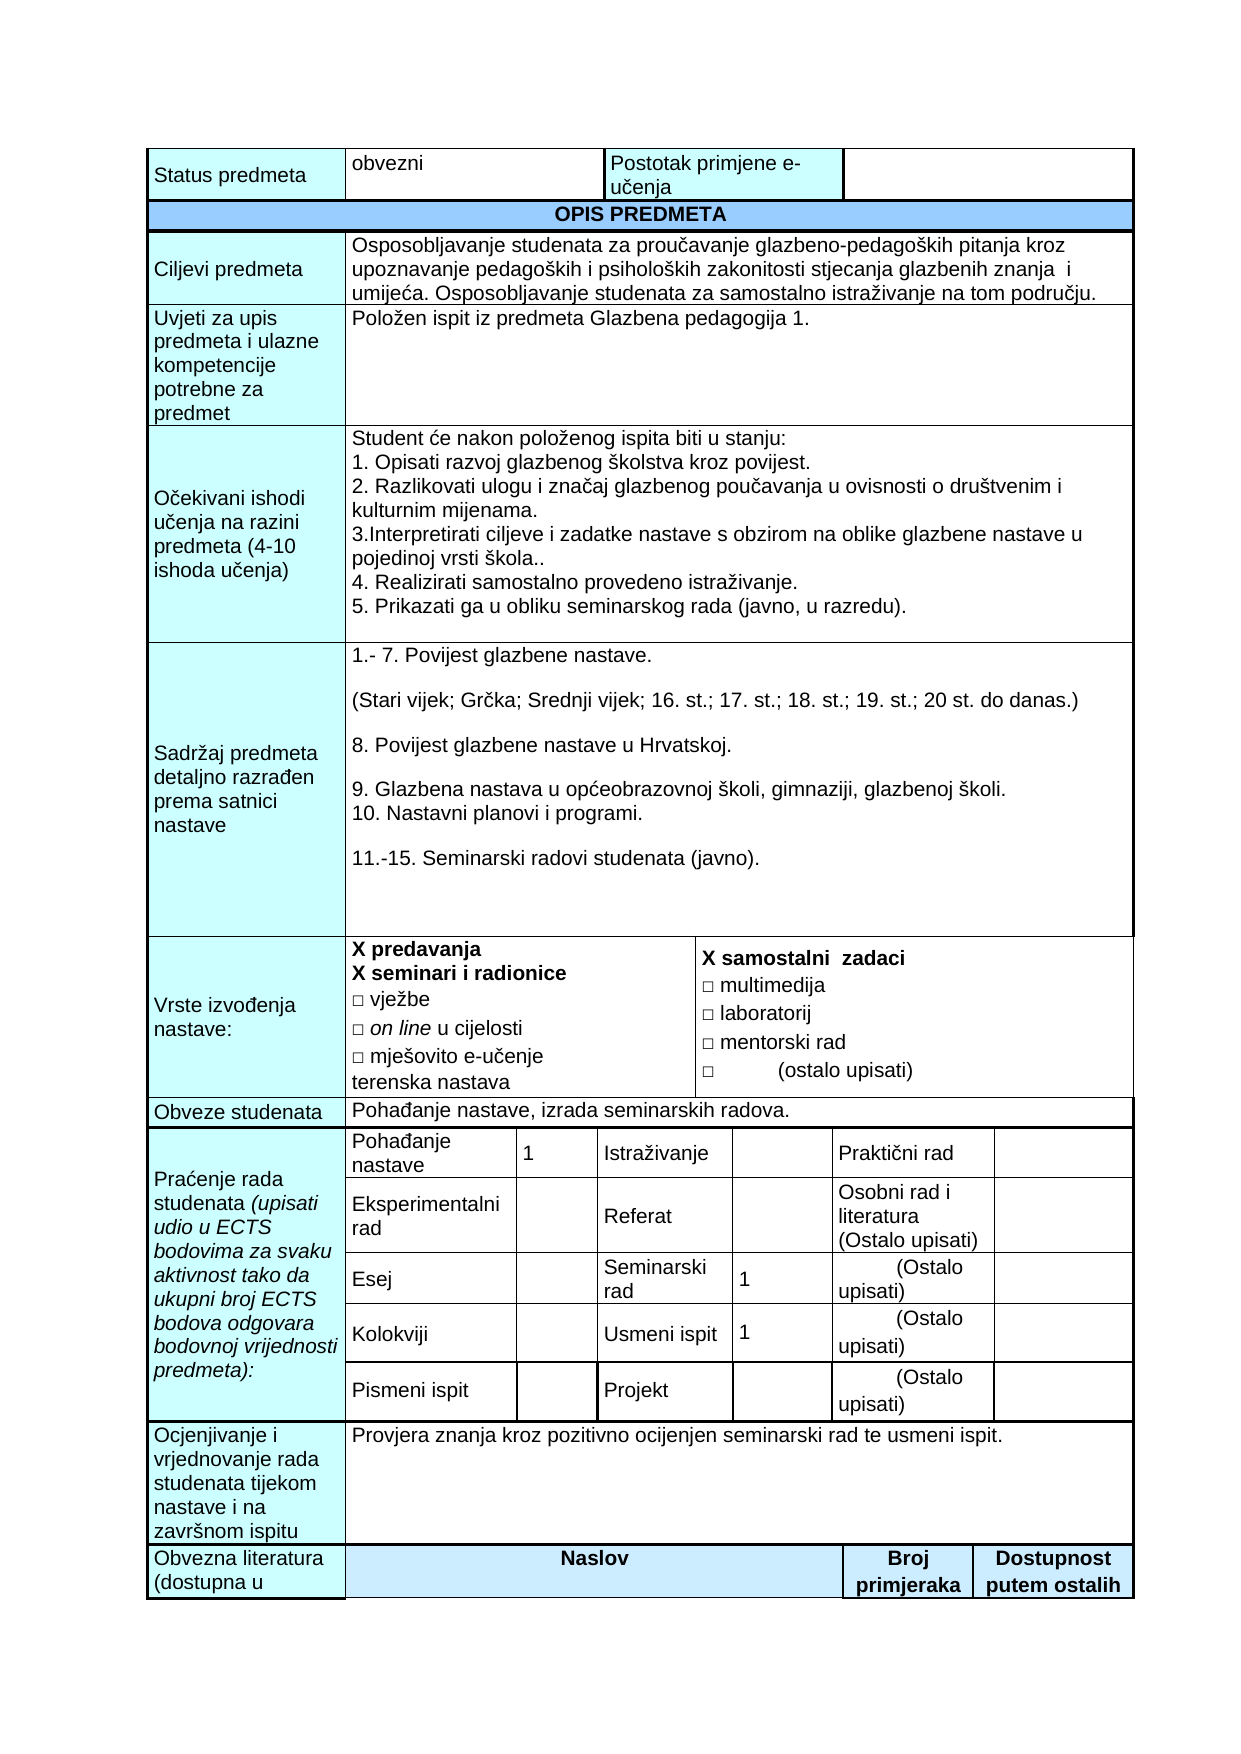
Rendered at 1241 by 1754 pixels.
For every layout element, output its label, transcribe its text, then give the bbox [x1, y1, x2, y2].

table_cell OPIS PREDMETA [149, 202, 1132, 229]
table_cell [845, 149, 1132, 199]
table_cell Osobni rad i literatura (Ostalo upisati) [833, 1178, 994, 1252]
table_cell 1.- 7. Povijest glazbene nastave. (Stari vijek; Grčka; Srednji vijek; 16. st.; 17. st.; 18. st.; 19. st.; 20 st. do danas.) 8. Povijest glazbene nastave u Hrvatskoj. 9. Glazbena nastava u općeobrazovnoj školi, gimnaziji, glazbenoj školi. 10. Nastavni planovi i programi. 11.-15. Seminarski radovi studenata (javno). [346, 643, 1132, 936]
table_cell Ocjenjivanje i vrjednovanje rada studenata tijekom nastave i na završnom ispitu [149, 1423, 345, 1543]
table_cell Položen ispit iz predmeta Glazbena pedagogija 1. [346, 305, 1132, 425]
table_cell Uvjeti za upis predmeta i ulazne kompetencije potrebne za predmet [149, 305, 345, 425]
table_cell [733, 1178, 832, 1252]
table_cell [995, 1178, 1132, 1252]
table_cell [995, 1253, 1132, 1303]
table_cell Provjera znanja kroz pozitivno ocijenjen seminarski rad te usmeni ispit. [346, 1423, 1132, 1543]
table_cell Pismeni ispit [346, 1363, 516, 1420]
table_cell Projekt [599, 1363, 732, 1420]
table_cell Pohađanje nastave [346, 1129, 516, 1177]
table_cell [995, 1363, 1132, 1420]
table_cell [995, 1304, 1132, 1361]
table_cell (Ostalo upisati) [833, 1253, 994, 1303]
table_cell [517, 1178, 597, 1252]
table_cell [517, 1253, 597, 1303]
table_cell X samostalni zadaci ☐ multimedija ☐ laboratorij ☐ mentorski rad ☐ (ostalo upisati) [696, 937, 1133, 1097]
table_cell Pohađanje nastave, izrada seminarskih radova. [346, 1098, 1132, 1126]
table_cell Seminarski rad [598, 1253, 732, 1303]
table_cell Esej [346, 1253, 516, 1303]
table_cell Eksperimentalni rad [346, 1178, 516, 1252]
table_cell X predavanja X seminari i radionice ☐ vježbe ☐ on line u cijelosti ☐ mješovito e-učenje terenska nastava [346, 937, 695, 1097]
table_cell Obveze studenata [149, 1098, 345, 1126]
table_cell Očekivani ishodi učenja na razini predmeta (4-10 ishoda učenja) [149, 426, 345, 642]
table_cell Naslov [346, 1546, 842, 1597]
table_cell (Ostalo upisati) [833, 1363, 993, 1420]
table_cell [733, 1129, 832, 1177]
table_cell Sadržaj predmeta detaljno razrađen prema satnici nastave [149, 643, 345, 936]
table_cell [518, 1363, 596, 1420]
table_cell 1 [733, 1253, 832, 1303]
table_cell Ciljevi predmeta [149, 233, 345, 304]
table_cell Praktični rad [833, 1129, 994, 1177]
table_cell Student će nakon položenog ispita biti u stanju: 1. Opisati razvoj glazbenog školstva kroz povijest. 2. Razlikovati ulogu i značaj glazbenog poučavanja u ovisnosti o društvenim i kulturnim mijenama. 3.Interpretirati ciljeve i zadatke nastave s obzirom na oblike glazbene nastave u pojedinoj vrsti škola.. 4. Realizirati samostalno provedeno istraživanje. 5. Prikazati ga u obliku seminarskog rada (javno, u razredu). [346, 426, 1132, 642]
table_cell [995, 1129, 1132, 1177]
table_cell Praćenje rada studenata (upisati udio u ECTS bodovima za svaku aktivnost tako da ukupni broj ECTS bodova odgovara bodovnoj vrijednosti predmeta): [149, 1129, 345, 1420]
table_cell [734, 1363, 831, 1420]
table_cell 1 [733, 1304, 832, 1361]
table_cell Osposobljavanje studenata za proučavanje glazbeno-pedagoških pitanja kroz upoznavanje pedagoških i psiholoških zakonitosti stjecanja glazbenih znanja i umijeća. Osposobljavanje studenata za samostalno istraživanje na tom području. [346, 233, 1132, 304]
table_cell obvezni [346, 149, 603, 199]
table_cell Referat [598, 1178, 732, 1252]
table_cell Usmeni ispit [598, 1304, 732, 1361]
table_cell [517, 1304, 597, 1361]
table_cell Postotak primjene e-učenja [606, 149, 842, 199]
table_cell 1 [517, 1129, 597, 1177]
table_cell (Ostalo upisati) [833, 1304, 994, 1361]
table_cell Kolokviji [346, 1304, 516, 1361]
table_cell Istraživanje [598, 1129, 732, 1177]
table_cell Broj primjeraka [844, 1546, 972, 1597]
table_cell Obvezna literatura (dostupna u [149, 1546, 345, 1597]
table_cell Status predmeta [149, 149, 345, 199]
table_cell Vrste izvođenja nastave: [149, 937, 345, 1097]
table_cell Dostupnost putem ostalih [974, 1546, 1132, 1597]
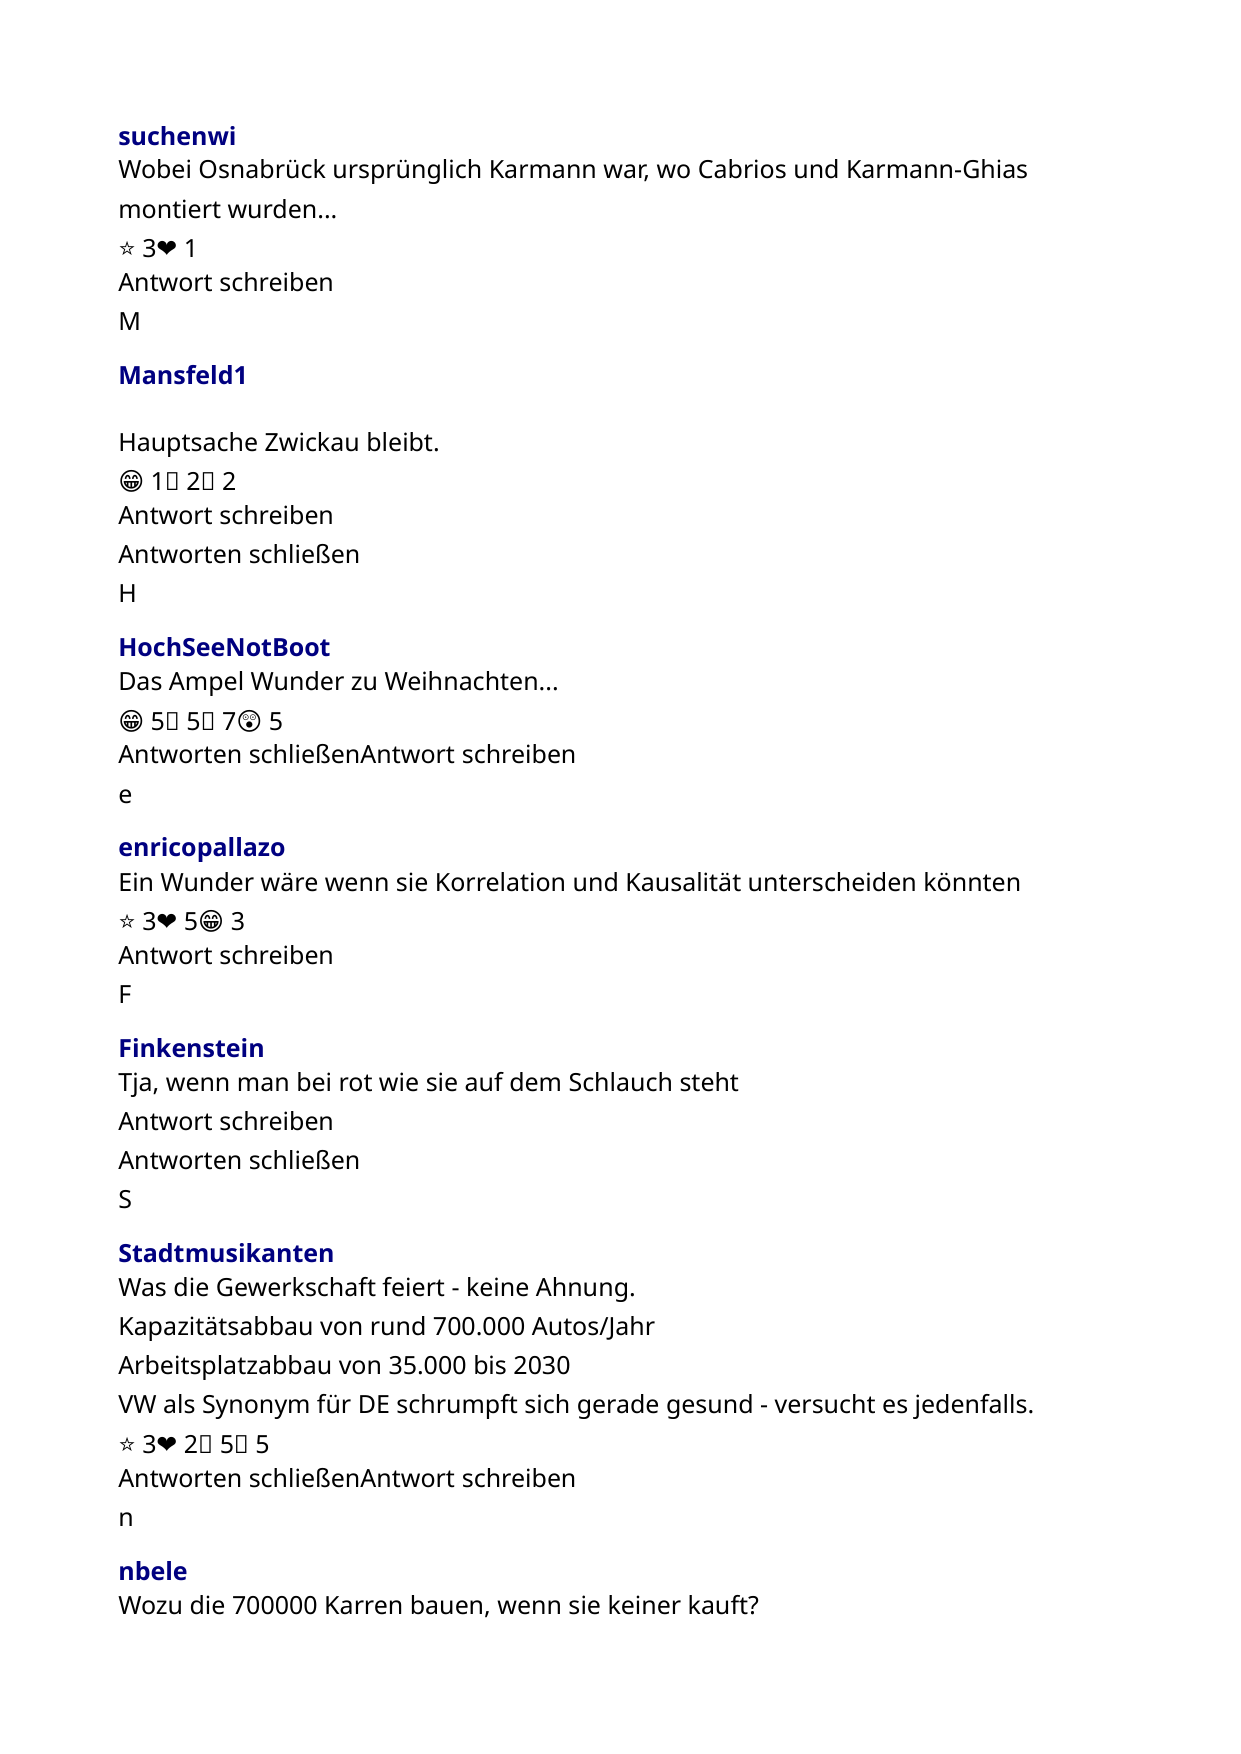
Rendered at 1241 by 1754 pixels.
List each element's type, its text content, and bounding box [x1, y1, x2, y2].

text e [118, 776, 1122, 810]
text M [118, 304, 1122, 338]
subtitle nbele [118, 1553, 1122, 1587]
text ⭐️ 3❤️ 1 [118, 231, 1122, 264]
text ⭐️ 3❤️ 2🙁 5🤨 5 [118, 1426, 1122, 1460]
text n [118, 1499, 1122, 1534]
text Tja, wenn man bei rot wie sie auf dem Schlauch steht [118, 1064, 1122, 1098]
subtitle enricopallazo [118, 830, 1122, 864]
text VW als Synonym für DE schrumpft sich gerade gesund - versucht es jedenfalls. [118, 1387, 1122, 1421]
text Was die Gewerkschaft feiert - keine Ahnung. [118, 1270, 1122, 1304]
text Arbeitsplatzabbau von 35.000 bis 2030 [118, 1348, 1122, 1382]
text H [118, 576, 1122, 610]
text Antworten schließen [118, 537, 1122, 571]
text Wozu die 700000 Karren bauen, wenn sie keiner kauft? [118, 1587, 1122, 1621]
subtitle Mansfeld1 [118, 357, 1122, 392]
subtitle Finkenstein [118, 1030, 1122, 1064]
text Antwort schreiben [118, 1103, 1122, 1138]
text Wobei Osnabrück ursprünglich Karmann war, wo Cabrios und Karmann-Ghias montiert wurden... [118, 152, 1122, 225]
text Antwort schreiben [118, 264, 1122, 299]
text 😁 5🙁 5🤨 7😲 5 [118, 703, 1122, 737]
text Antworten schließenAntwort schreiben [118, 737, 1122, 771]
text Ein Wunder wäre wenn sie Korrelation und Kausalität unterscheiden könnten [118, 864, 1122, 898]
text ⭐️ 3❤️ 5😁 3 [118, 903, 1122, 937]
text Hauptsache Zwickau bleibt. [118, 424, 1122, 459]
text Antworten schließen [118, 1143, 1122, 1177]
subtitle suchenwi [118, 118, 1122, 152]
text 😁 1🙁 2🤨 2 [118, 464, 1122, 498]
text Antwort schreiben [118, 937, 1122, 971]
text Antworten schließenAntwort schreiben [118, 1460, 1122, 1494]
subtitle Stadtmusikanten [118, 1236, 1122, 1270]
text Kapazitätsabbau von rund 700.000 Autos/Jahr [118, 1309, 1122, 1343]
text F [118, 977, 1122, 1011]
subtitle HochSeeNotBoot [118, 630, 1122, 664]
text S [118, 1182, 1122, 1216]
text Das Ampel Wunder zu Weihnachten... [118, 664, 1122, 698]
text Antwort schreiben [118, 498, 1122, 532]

* * * *

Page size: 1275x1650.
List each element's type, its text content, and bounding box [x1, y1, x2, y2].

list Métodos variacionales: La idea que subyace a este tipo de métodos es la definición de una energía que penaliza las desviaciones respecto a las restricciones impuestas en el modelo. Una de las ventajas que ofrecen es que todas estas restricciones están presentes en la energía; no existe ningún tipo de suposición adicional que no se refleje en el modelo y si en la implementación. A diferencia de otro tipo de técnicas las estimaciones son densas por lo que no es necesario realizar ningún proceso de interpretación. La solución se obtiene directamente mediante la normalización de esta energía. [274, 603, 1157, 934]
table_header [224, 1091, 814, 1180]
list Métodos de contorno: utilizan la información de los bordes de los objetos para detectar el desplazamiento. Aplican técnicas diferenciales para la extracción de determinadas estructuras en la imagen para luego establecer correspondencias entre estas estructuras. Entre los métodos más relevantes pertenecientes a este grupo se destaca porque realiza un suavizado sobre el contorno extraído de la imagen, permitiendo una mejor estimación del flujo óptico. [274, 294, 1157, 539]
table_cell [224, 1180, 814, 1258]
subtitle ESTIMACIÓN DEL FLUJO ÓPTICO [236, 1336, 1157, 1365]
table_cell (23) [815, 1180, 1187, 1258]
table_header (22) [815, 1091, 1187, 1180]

* * * *

## WHAT TO DO
The listing above holds a line with "text Antworten schließenAntwort schreiben [118, 737, 1122, 771]" and a line with "text Antwort schreiben [118, 498, 1122, 532]". Print the stretch from the first through the second, exactly and alone.

## ANSWER TO THIS PROBLEM
text Antworten schließenAntwort schreiben [118, 737, 1122, 771]
text Ein Wunder wäre wenn sie Korrelation und Kausalität unterscheiden könnten [118, 864, 1122, 898]
text ⭐️ 3❤️ 5😁 3 [118, 903, 1122, 937]
text Hauptsache Zwickau bleibt. [118, 424, 1122, 459]
text Antworten schließen [118, 1143, 1122, 1177]
subtitle suchenwi [118, 118, 1122, 152]
text 😁 1🙁 2🤨 2 [118, 464, 1122, 498]
text Antwort schreiben [118, 937, 1122, 971]
text Antworten schließenAntwort schreiben [118, 1460, 1122, 1494]
subtitle Stadtmusikanten [118, 1236, 1122, 1270]
text Kapazitätsabbau von rund 700.000 Autos/Jahr [118, 1309, 1122, 1343]
text F [118, 977, 1122, 1011]
subtitle HochSeeNotBoot [118, 630, 1122, 664]
text S [118, 1182, 1122, 1216]
text Das Ampel Wunder zu Weihnachten... [118, 664, 1122, 698]
text Antwort schreiben [118, 498, 1122, 532]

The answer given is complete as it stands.